Unstract Cloud (Bring Your Own Keys)

Plans include LLMWhisperer but require users to supply their own LLM, vector database, and embedding model API keys.

Plan Monthly Billing Annual Billing Pages/Year
Starter $499/month $416/month 60,000
Growth $2,249/month $1,874/month 300,000
Enterprise Custom Custom Custom

Overage is $0.10/page (Starter) or $0.09/page (Growth). A free onboarding credit of $10 on Azure OpenAI GPT-4o is included, along with free access to PostgreSQL, Azure OpenAI Embedding, and LLMWhisperer.

LLMWhisperer API (Standalone)

Tier Price
Native Text $1/1,000 pages
Low Cost $5/1,000 pages
High Quality $7/1,000 pages (monthly) / $10/1,000 pages (annual)
High Quality with Form Elements $15/1,000 pages

Free tier: 100 pages/day, no credit card required.

Enterprise self-hosted plans are available for both Unstract and LLMWhisperer.

Use Cases

Insurance and Financial Services

Unstract targets insurance underwriting and claims processing — ingesting KYC documents, contracts, and claims forms and converting them from unstructured to structured formats. The vendor claims document review times can drop from days to minutes.

Bank Statement Processing

The platform explicitly addresses high-variation document sets: bank statements from 200 different banks or the same form with changes across 50 different states — scenarios where template-based OCR systems fail.

ETL for Unstructured Data

For data engineering teams, Unstract functions as an ETL pipeline for documents: ingest from cloud storage, extract structured fields, push to data warehouses or databases. This positions it alongside platforms like Unstructured in the LLM-native document ETL space.

Agentic Workflows

The MCP server integration and Human-in-the-Loop feature (available on cloud) position Unstract for agentic document workflows where autonomous agents need reliable structured data from documents.

Competitive Positioning

Unstract occupies the open-source, LLM-native segment of the IDP market — closer to Unstructured and Chunkr in architecture than to traditional OCR-first platforms like ABBYY or Tungsten Automation. Its AGPL 3.0 license means self-hosted deployments are free but require open-sourcing derivative works; commercial use cases that cannot comply with AGPL require the enterprise plan.

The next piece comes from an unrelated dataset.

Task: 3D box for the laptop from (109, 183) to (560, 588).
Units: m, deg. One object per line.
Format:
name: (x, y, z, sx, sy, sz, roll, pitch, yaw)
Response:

The LLMChallenge dual-LLM validation approach is a differentiator versus platforms that rely on single-model extraction with post-hoc confidence scoring. The trade-off is higher LLM API cost per document — partially offset by SinglePass and SummarizedExtraction efficiency features.

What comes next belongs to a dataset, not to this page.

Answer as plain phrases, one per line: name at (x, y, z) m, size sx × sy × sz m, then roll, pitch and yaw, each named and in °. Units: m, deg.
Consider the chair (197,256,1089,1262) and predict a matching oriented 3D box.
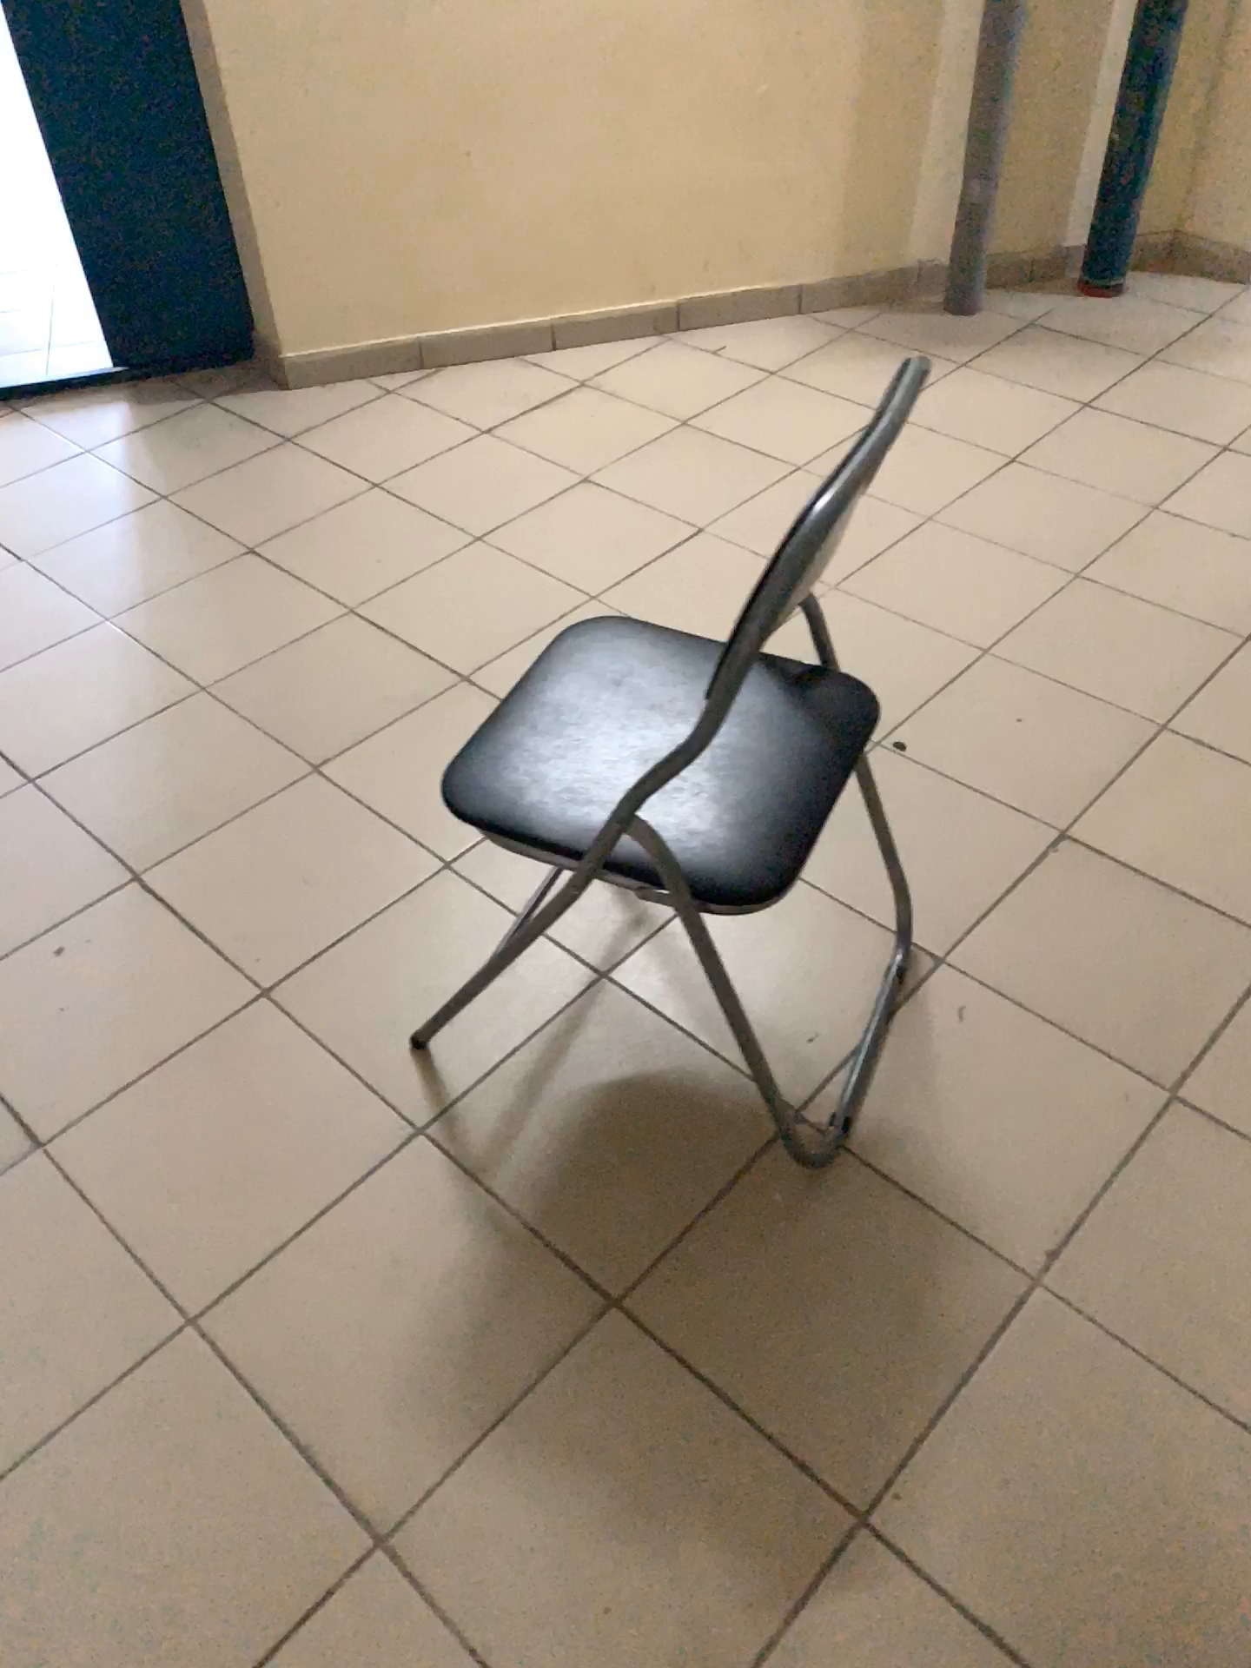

Bring-your-own-key pricing means Unstract's cloud cost does not include LLM inference, which can be significant at scale depending on model choice.

Technical Specifications

Feature Detail
License AGPL 3.0 (open source); commercial enterprise plans available
Deployment Cloud (managed), self-hosted (Docker), on-premise (enterprise)
LLM Support Flexible — user-supplied keys; multiple LLMs compared in Prompt Studio
Vector DB Support Qdrant, Weaviate, Pinecone, PostgreSQL, Milvus
Hallucination Mitigation LLMChallenge (dual-LLM maker-checker)
Token Efficiency SinglePass (up to 8x), SummarizedExtraction (up to 6x)
Document Pre-Processing LLMWhisperer (layout-preserving, handwriting, forms, scanned PDFs)
Output Formats JSON, spreadsheet, database, API
Languages (LLMWhisperer) 300+ (High Quality tier); 120+ (Low Cost); all Unicode (Native Text)
SSO Available on enterprise/cloud plans
Human-in-the-Loop Available on cloud plans
Free Tier 100 pages/day (LLMWhisperer), 14-day trial (Unstract Cloud)

Resources

Company Information

Developed by Zipstack. Cloud-hosted instance available at us-central.unstract.com. Self-hosted deployment supported on Linux and macOS via Docker.